▸ **Brief**
I need the lines below from the one with "Answer: 3920 thousand" down to the one with "Answer: 310 pages" reproduced exactly, both ends included, and nothing else.

(Input records Opens)

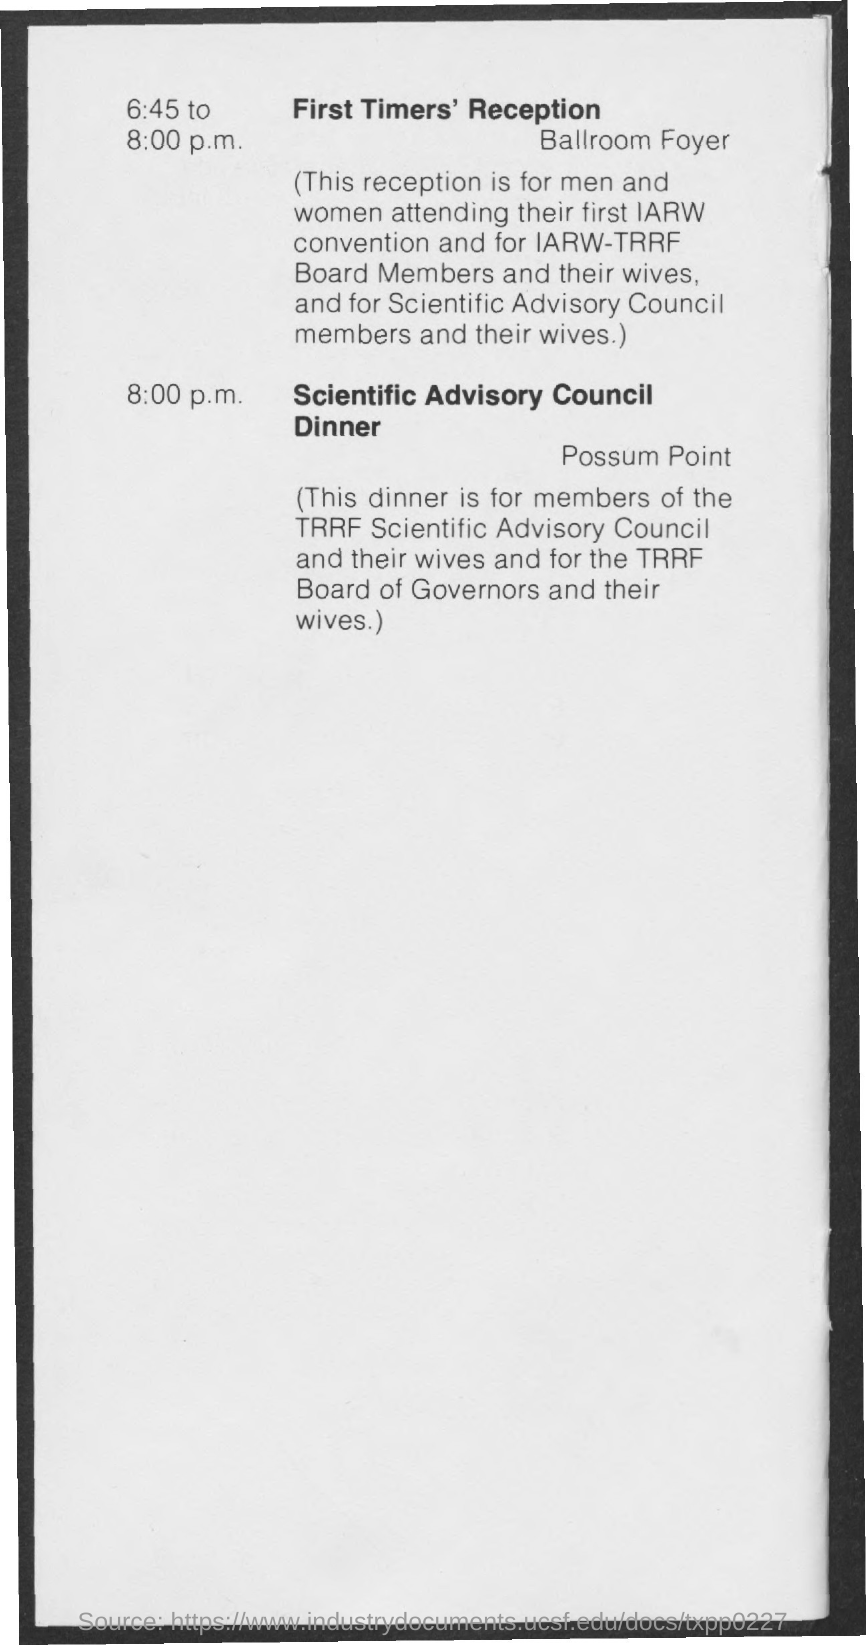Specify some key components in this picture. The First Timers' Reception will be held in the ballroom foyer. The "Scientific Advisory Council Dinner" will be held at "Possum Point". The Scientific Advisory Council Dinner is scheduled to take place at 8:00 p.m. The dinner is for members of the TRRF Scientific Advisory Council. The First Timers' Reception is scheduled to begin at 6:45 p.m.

(Input records Closes)
(Input records Opens)

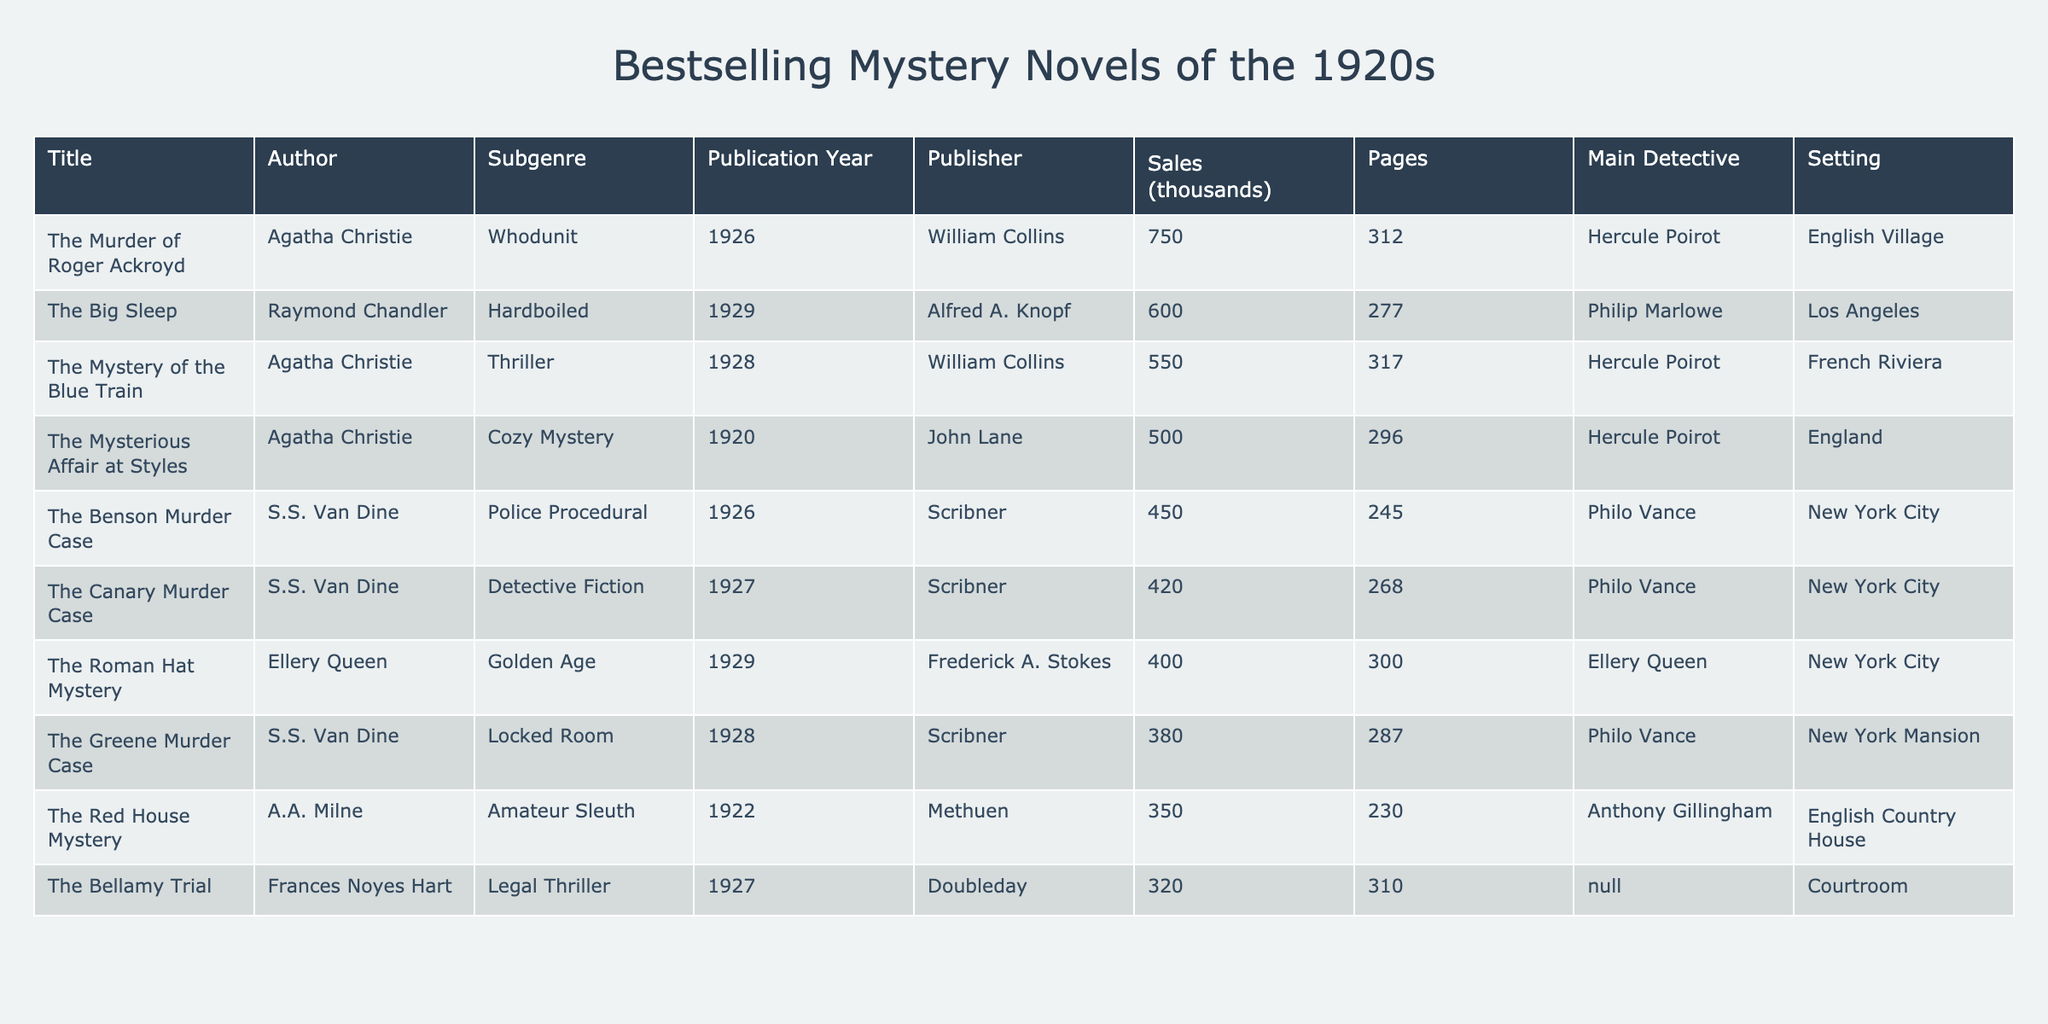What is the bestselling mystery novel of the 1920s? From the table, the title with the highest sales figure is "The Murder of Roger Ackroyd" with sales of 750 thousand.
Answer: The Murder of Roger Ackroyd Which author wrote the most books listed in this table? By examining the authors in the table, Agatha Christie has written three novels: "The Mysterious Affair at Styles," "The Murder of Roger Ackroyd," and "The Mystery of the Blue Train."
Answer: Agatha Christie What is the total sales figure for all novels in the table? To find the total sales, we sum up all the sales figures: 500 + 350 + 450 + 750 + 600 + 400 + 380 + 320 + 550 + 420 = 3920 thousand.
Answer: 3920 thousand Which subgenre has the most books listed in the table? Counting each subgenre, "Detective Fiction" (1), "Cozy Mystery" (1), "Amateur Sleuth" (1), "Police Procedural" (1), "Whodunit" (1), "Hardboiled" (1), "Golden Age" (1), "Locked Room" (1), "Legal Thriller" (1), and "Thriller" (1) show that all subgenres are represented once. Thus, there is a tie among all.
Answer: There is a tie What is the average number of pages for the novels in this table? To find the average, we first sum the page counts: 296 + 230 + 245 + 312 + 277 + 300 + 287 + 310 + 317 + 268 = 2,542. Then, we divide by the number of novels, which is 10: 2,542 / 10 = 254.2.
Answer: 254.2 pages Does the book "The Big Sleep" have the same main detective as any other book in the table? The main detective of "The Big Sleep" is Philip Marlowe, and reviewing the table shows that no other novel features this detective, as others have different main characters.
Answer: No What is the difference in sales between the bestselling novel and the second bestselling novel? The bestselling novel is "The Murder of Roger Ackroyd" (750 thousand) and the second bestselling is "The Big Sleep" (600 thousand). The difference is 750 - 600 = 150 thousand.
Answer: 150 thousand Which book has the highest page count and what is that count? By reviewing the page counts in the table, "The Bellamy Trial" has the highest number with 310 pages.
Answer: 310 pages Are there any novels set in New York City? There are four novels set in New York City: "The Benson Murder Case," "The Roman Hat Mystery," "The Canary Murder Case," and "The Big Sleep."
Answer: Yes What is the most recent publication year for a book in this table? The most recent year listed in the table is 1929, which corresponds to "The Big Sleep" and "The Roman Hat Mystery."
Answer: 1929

(Input records Closes)
(Input records Opens)

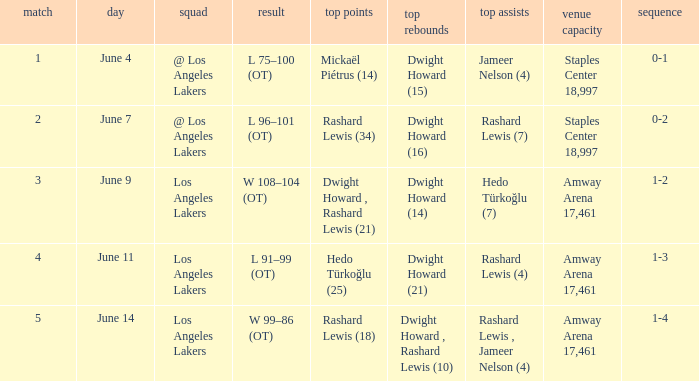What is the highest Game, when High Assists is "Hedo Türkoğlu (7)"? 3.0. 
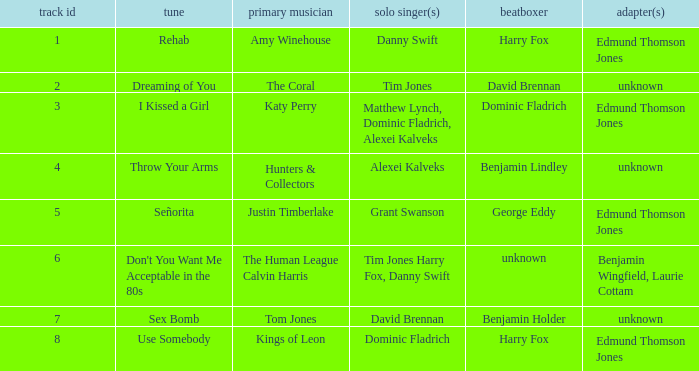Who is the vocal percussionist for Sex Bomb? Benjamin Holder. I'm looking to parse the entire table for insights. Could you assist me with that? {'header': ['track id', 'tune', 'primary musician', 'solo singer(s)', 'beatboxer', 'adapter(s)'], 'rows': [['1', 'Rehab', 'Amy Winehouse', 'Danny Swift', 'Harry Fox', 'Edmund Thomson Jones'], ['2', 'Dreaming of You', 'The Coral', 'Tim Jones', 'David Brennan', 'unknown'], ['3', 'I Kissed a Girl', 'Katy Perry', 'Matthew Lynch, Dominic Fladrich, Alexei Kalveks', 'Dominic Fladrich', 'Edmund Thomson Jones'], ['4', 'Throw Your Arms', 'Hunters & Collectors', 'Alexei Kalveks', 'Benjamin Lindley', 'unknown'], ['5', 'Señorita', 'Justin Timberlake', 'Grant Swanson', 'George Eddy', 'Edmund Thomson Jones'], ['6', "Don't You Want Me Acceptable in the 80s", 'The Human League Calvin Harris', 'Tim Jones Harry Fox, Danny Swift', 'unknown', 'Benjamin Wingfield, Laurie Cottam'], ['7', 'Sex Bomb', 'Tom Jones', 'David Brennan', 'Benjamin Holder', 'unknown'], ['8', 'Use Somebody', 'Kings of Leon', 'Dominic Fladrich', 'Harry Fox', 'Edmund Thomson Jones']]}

(Input records Closes)

▸ **Solution to the problem**
Answer: 3920 thousand Which subgenre has the most books listed in the table? Counting each subgenre, "Detective Fiction" (1), "Cozy Mystery" (1), "Amateur Sleuth" (1), "Police Procedural" (1), "Whodunit" (1), "Hardboiled" (1), "Golden Age" (1), "Locked Room" (1), "Legal Thriller" (1), and "Thriller" (1) show that all subgenres are represented once. Thus, there is a tie among all.
Answer: There is a tie What is the average number of pages for the novels in this table? To find the average, we first sum the page counts: 296 + 230 + 245 + 312 + 277 + 300 + 287 + 310 + 317 + 268 = 2,542. Then, we divide by the number of novels, which is 10: 2,542 / 10 = 254.2.
Answer: 254.2 pages Does the book "The Big Sleep" have the same main detective as any other book in the table? The main detective of "The Big Sleep" is Philip Marlowe, and reviewing the table shows that no other novel features this detective, as others have different main characters.
Answer: No What is the difference in sales between the bestselling novel and the second bestselling novel? The bestselling novel is "The Murder of Roger Ackroyd" (750 thousand) and the second bestselling is "The Big Sleep" (600 thousand). The difference is 750 - 600 = 150 thousand.
Answer: 150 thousand Which book has the highest page count and what is that count? By reviewing the page counts in the table, "The Bellamy Trial" has the highest number with 310 pages.
Answer: 310 pages Are there any novels set in New York City? There are four novels set in New York City: "The Benson Murder Case," "The Roman Hat Mystery," "The Canary Murder Case," and "The Big Sleep."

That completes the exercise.